Segment Start: Data for this exercise
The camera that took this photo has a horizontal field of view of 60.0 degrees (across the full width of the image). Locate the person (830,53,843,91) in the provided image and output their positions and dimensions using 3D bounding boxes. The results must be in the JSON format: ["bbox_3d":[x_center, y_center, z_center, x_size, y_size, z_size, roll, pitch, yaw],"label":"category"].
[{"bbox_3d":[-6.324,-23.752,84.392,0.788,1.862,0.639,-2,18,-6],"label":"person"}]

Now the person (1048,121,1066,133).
Segment End: Data for this exercise
Segment Start: Data for this exercise
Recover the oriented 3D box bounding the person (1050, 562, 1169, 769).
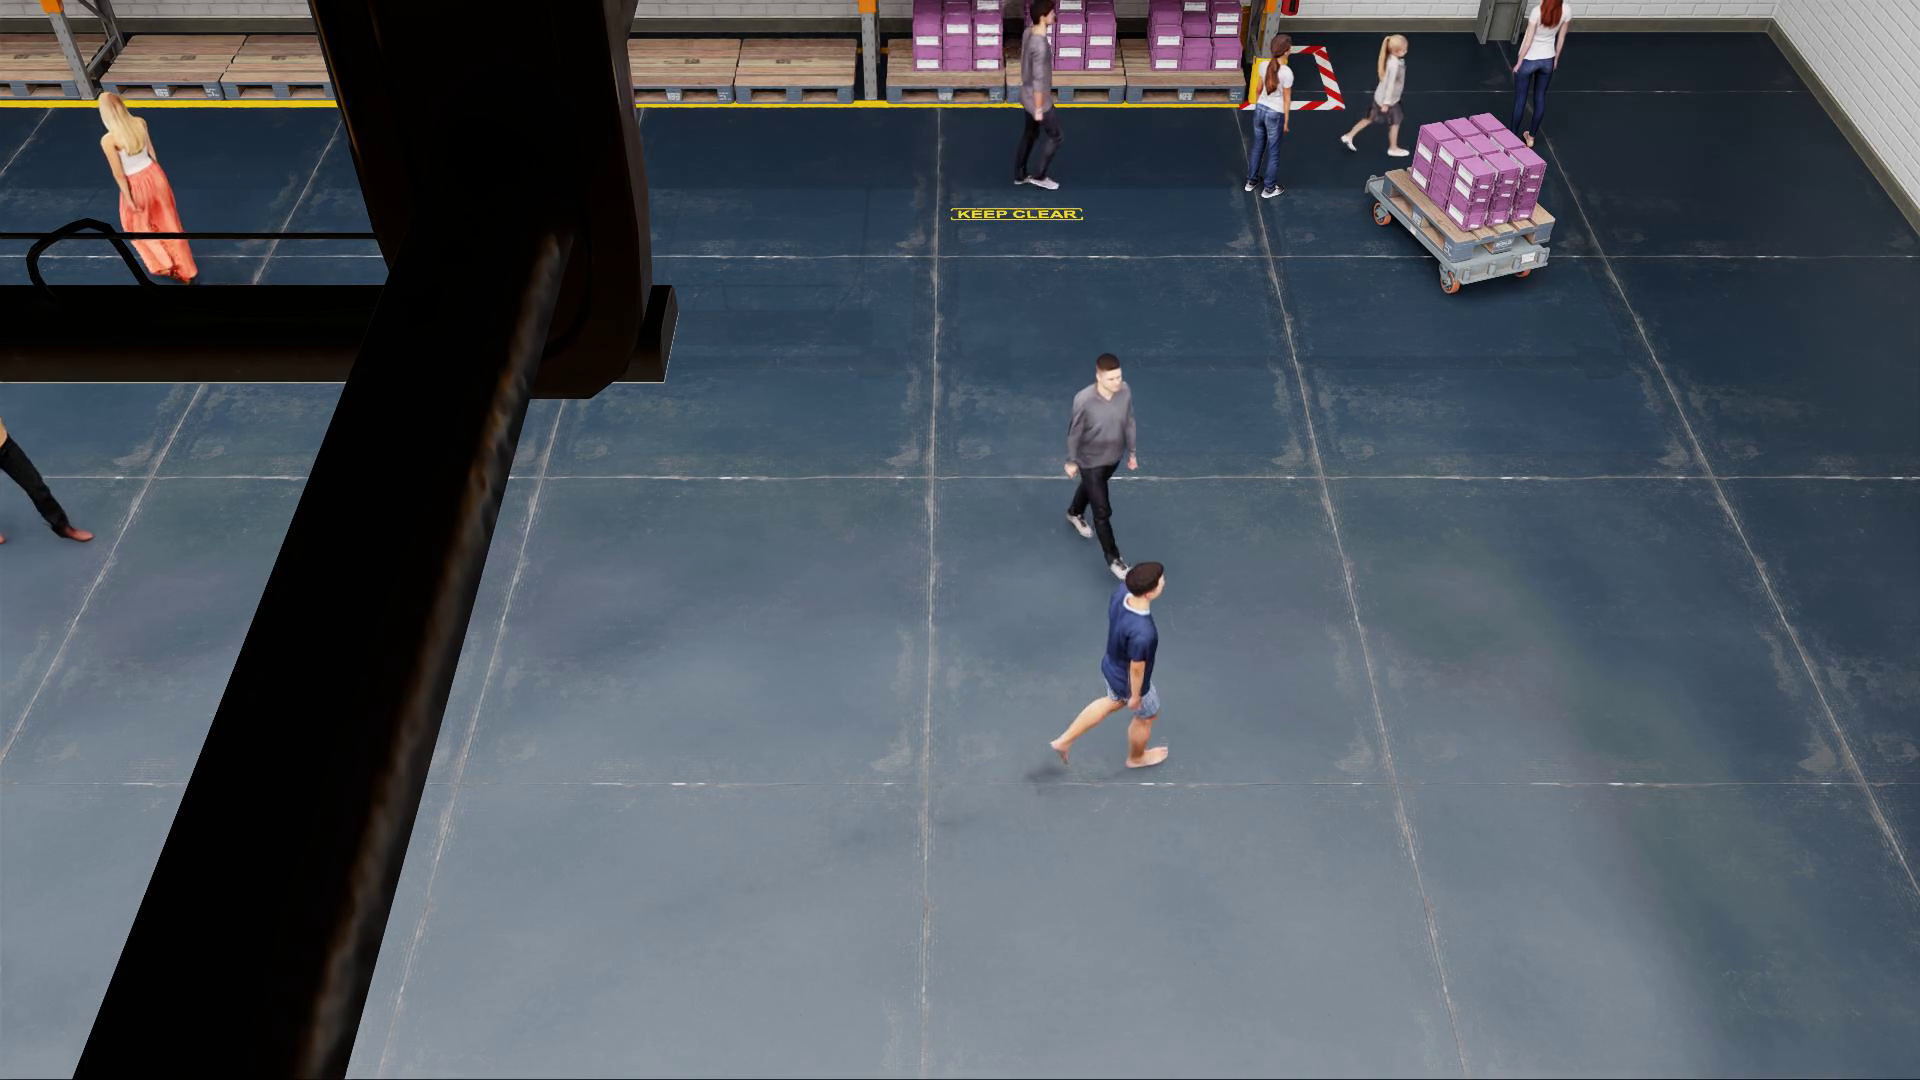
Segment End: Data for this exercise
> **Assignment**
Above is a listing; print exactly its lines from the one with "The camera that" through the one with "Now the person (1048,121,1066,133).", and no other lines.

> **Exercise output**
The camera that took this photo has a horizontal field of view of 60.0 degrees (across the full width of the image). Locate the person (830,53,843,91) in the provided image and output their positions and dimensions using 3D bounding boxes. The results must be in the JSON format: ["bbox_3d":[x_center, y_center, z_center, x_size, y_size, z_size, roll, pitch, yaw],"label":"category"].
[{"bbox_3d":[-6.324,-23.752,84.392,0.788,1.862,0.639,-2,18,-6],"label":"person"}]

Now the person (1048,121,1066,133).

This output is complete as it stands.